# Snapper Injury



## Tippin Slow (Nov 21, 2007)

I found out the hard way about the razor sharp plate just forward of the gills on the Red Snapper. Missing a piece of my thumb thanks to one yesterday. Thought Id post just in case some are not aware.

:usaflag


----------



## Tuna Man (Oct 2, 2007)

> *Tippin Slow (6/15/2008)*I found out the hard way about the razor sharp plate just forward of the gills on the Red Snapper. Missing a piece of my thumb thanks to one yesterday. Thought Id post just in case some are not aware.
> :usaflag


Yup....BAD News :banghead


----------



## freespool50 (Sep 29, 2007)

i was showing a rookie how to clean snapper. i was reall careful with it. then i remembered to show him how not to pick it up by picking it up the wrong way......ouchhhh!!!!!:banghead


----------



## Clay-Doh (Oct 2, 2007)

Hard lesson!

For fishing, I know there are a ton of gloves out there, but Riffe (the speargun manufacturer) make a real nice pair for spearfishing, that are thin and allow good movement (trigger finger baby!) and have kevlar palm and fingers. You can shove your hands right up a snappers blowhole, and groupers too (they have rows of "teeth" in there gills). Barnicles on ships, pilings, ect...no prob.

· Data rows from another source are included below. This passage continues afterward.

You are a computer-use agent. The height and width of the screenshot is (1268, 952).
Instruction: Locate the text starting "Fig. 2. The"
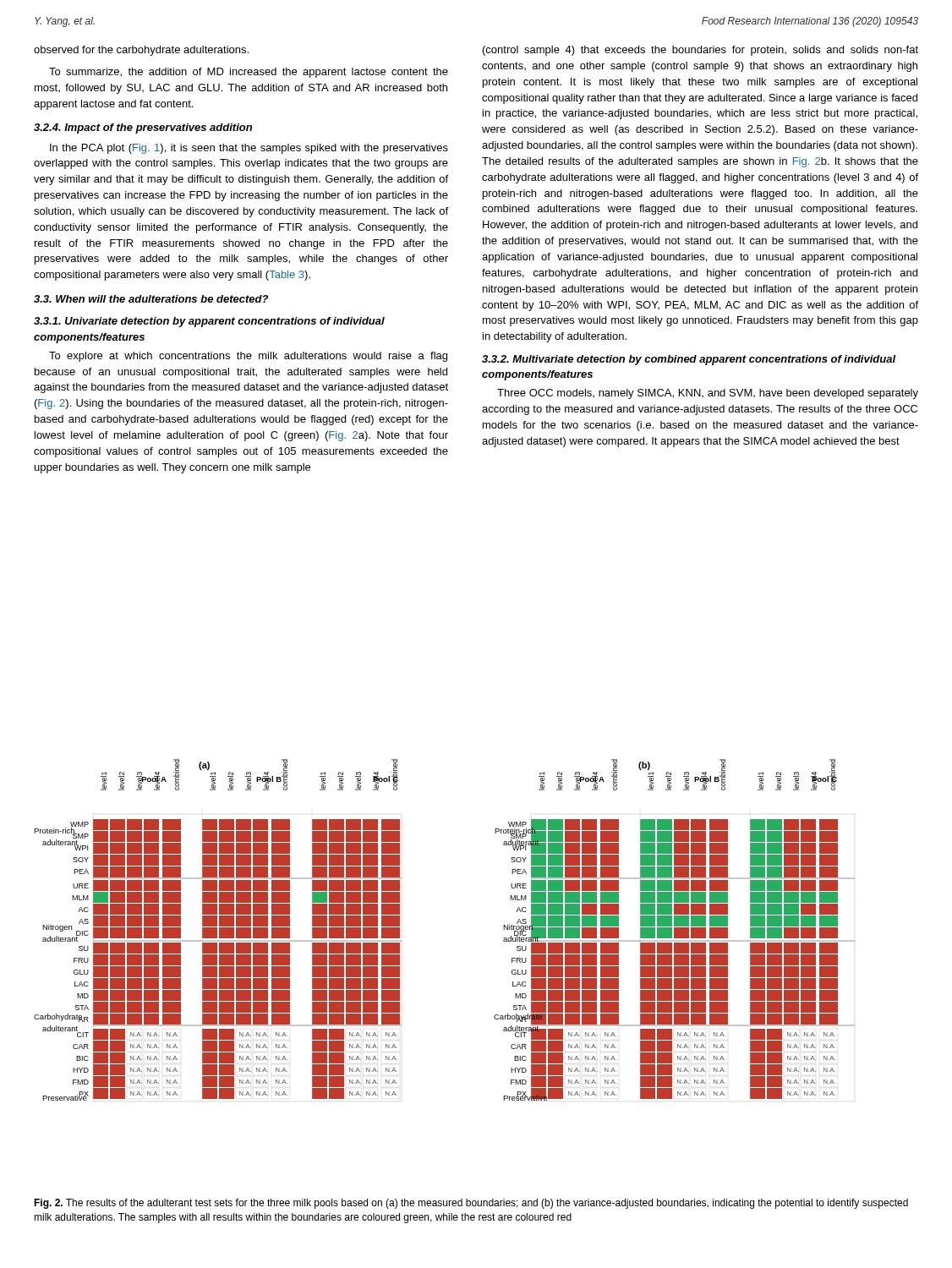click(471, 1210)
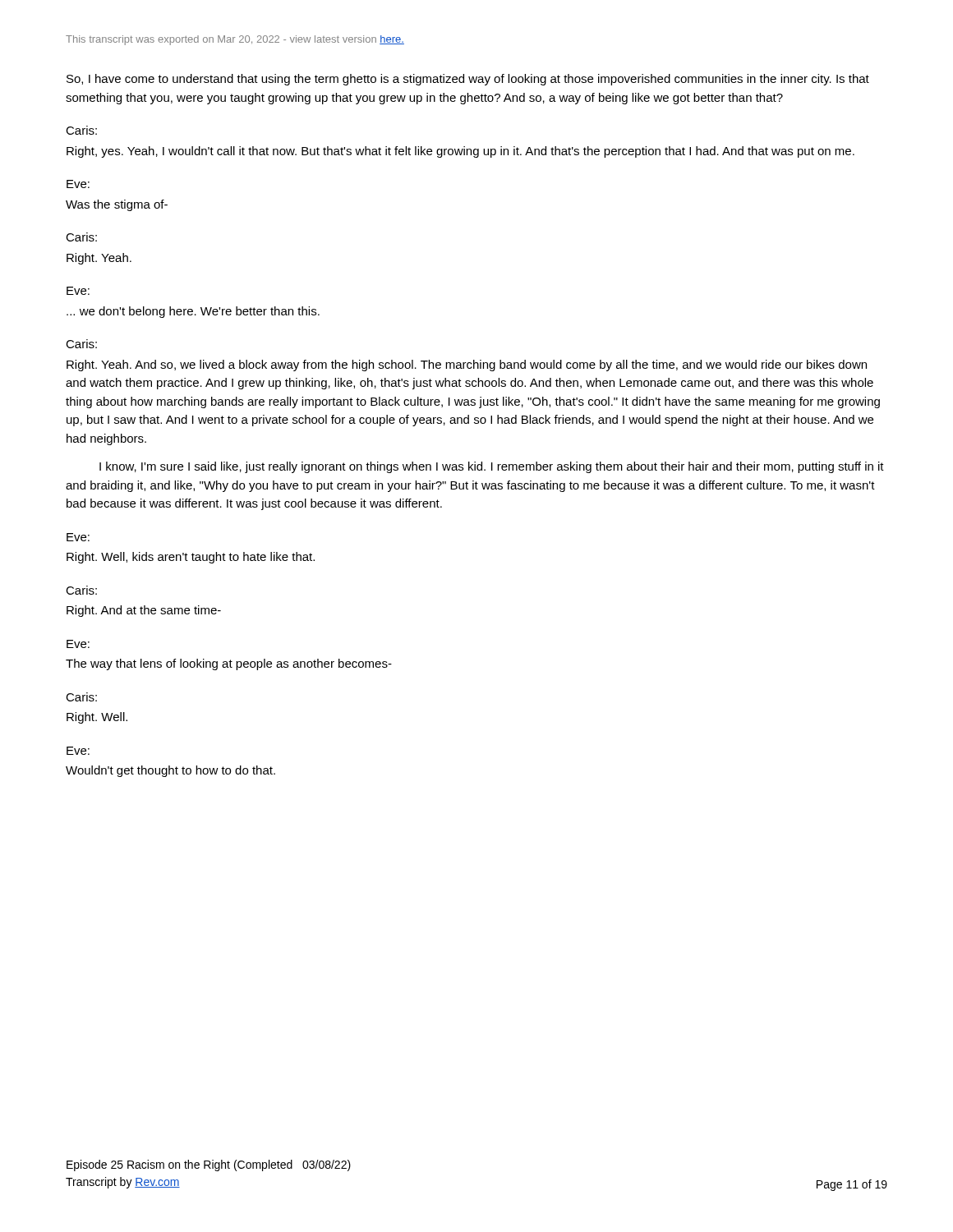Select the text starting "Right. Well, kids aren't taught to hate like"
This screenshot has width=953, height=1232.
(191, 556)
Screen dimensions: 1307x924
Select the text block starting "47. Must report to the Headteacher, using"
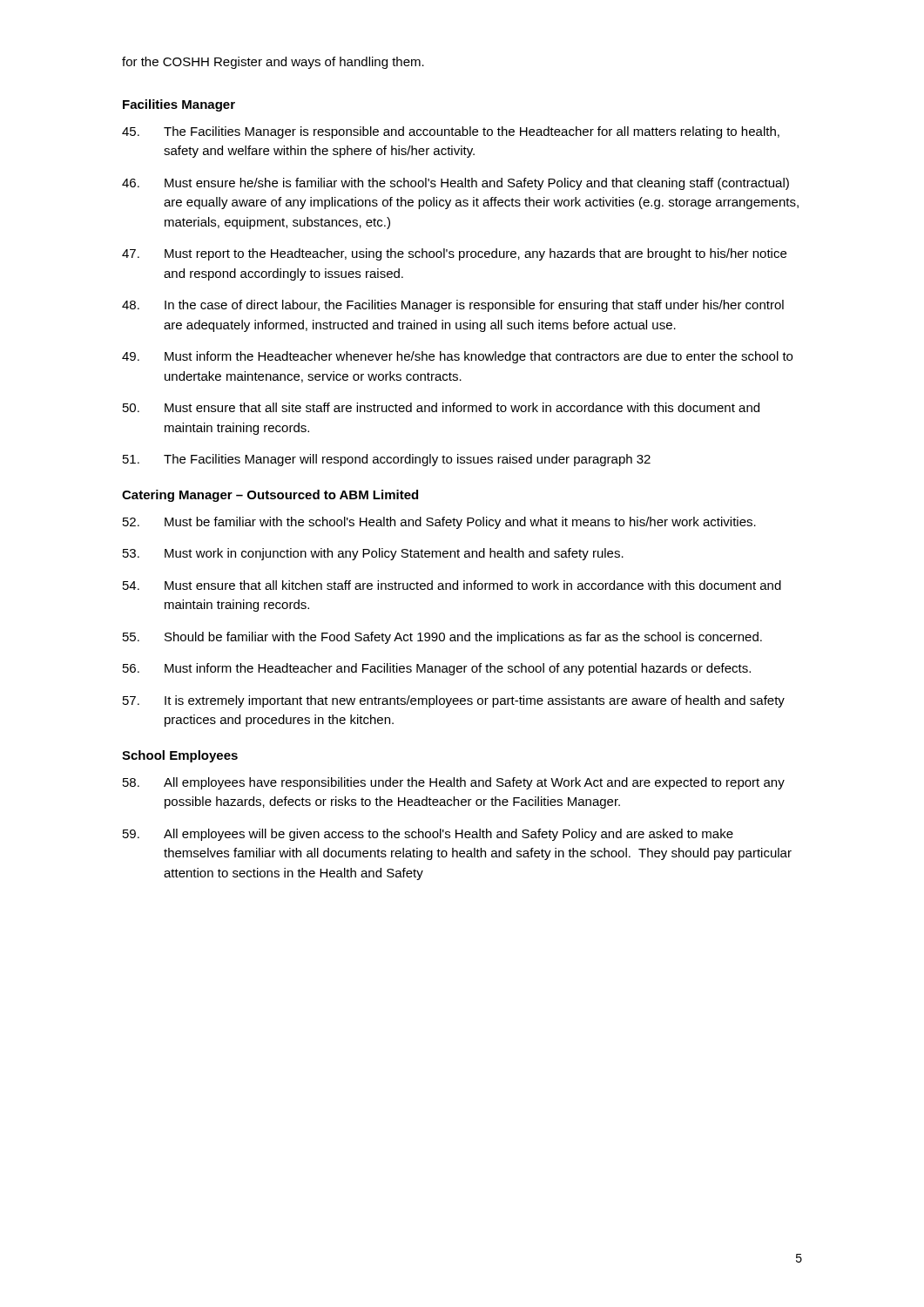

I have been curios to see how they handle extreme punture force, and been tempted to try to stab myself in the hand, or shove my fist in a cuda's mouth!:letsdrink

MBT carries the gloves by the way.


----------



## BJW (Oct 1, 2007)

That thing is so sharp I ofter wondered if you could just cut it off of one fish and use it to clean the rest!


----------



## sniper (Oct 3, 2007)

:takephoto


----------



## shinerock18 (Jul 30, 2011)

*--*

So who else do we consult about this case?.


----------